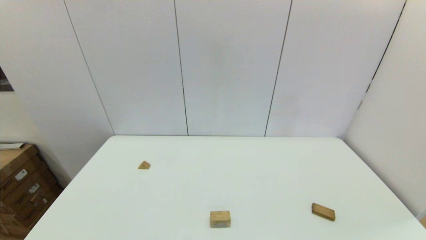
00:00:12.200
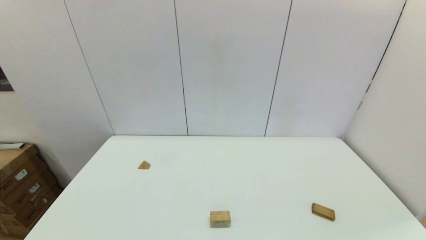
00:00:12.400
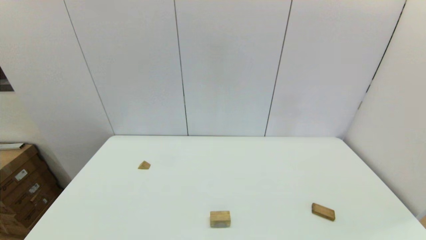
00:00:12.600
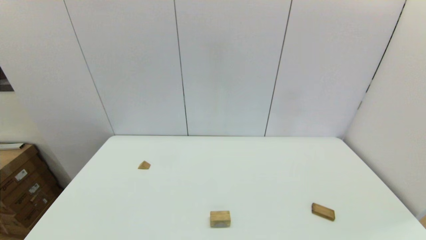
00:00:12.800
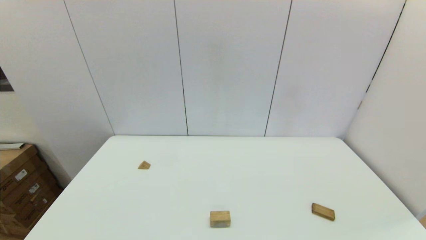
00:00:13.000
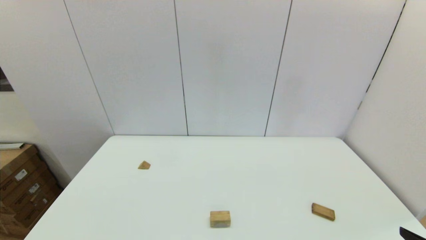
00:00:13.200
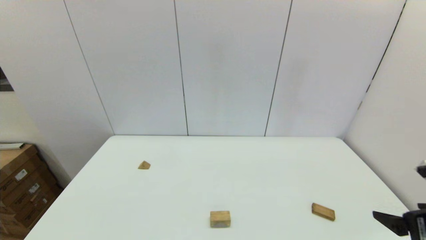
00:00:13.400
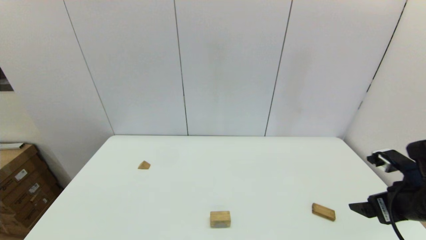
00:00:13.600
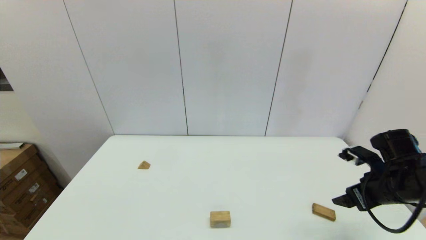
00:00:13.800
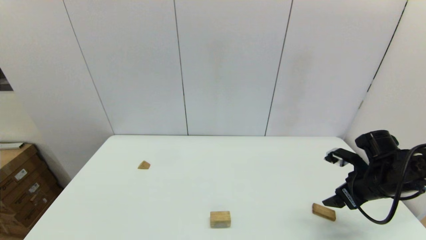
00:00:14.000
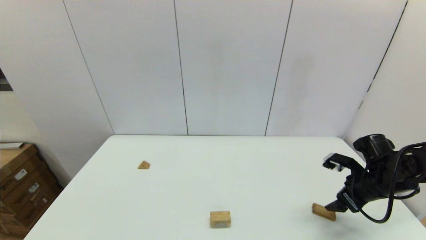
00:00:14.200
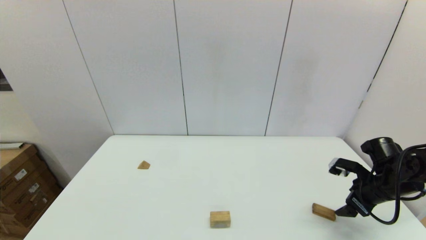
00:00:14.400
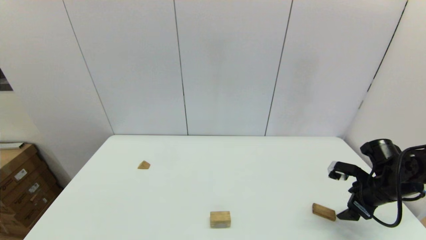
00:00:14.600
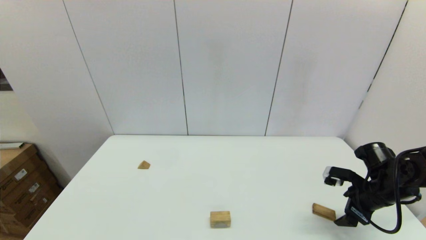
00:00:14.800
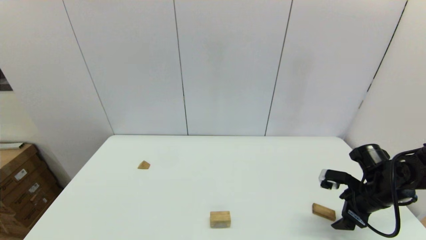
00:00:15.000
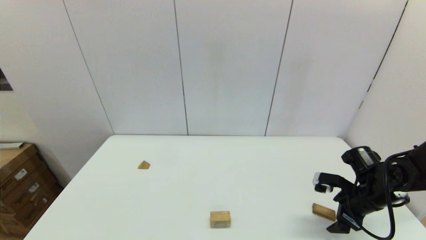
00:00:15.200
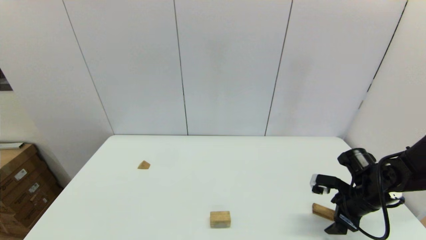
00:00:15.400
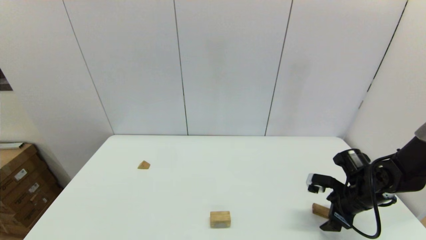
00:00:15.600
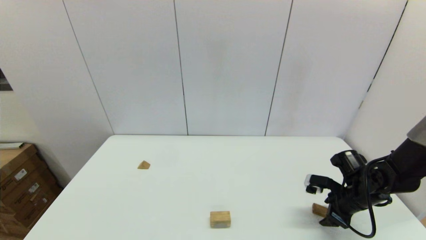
──────────────────────────────
◆ Your objective: Write out the entries above verbatim; the pictures do not belong in your copy.

◆ Exercise solution:
00:00:12.200
00:00:12.400
00:00:12.600
00:00:12.800
00:00:13.000
00:00:13.200
00:00:13.400
00:00:13.600
00:00:13.800
00:00:14.000
00:00:14.200
00:00:14.400
00:00:14.600
00:00:14.800
00:00:15.000
00:00:15.200
00:00:15.400
00:00:15.600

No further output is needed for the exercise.